TASK REQUIREMENTS :: The data is to be repeated exactly, with the images removed.

EXTRACTED ENTRIES ::

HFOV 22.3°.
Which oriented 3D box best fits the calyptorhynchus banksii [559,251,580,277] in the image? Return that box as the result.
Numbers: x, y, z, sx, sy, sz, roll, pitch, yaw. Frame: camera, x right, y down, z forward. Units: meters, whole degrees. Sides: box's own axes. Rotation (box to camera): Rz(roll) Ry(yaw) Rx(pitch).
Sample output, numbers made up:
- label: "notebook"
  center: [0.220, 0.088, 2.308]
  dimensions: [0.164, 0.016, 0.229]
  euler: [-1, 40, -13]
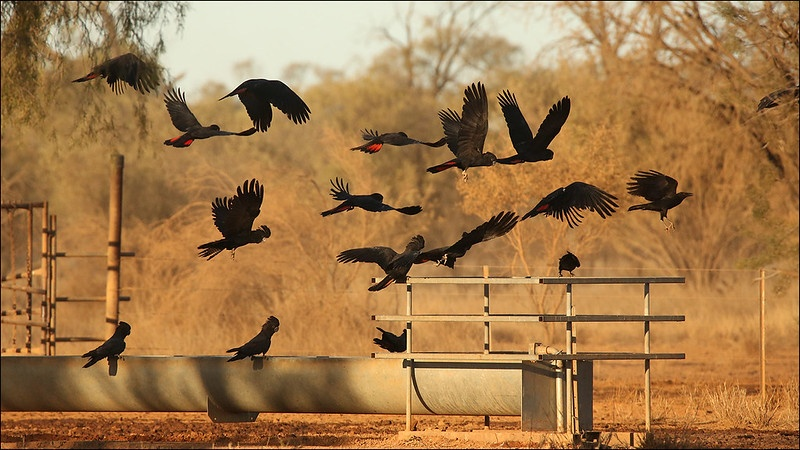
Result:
- label: "calyptorhynchus banksii"
  center: [5.036, 0.977, 59.861]
  dimensions: [0.485, 0.599, 0.934]
  euler: [1, 6, -3]
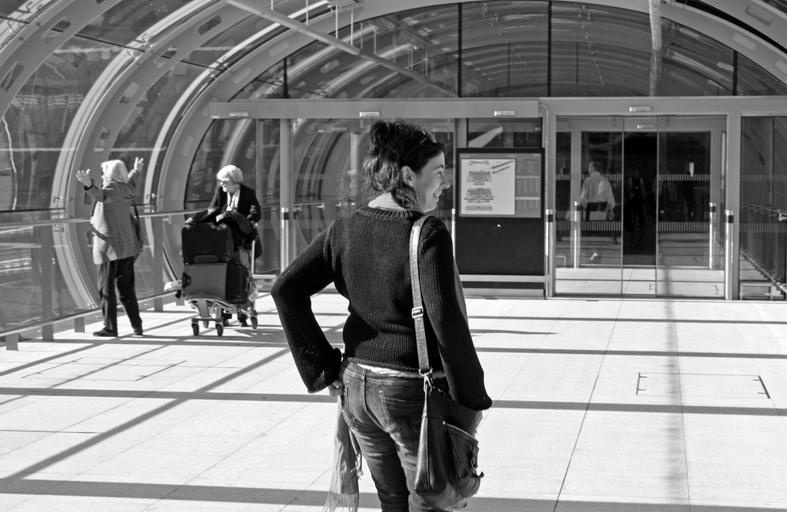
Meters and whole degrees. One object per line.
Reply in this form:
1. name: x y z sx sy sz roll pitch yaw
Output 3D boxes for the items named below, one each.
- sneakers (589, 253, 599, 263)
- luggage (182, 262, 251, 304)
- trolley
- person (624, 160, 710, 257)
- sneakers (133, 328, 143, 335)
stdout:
1. sneakers: 4.236 0.045 14.048 0.189 0.105 0.118 -19 26 12
2. luggage: -2.851 0.421 10.376 0.991 0.684 0.218 0 5 2
3. trolley: -2.819 0.291 10.776 1.174 1.699 1.317 2 -3 -3
4. person: 5.696 -1.057 14.185 1.414 2.190 0.713 4 12 7
5. sneakers: -4.064 1.192 10.474 0.107 0.106 0.113 2 -1 3

EXERCISE SOLUTION ::
HFOV 22.3°.
Which oriented 3D box best fits the calyptorhynchus banksii [559,251,580,277] in the image? Return that box as the result.
Numbers: x, y, z, sx, sy, sz, roll, pitch, yaw. Frame: camera, x right, y down, z forward. Units: meters, whole degrees. Sides: box's own axes. Rotation (box to camera): Rz(roll) Ry(yaw) Rx(pitch).
Sample output, numbers made up:
- label: "notebook"
  center: [0.220, 0.088, 2.308]
  dimensions: [0.164, 0.016, 0.229]
  euler: [-1, 40, -13]
Result:
- label: "calyptorhynchus banksii"
  center: [5.036, 0.977, 59.861]
  dimensions: [0.485, 0.599, 0.934]
  euler: [1, 6, -3]
Meters and whole degrees. One object per line.
Reply in this form:
1. name: x y z sx sy sz roll pitch yaw
Output 3D boxes for the items named below, one each.
- sneakers (589, 253, 599, 263)
- luggage (182, 262, 251, 304)
- trolley
- person (624, 160, 710, 257)
- sneakers (133, 328, 143, 335)
stdout:
1. sneakers: 4.236 0.045 14.048 0.189 0.105 0.118 -19 26 12
2. luggage: -2.851 0.421 10.376 0.991 0.684 0.218 0 5 2
3. trolley: -2.819 0.291 10.776 1.174 1.699 1.317 2 -3 -3
4. person: 5.696 -1.057 14.185 1.414 2.190 0.713 4 12 7
5. sneakers: -4.064 1.192 10.474 0.107 0.106 0.113 2 -1 3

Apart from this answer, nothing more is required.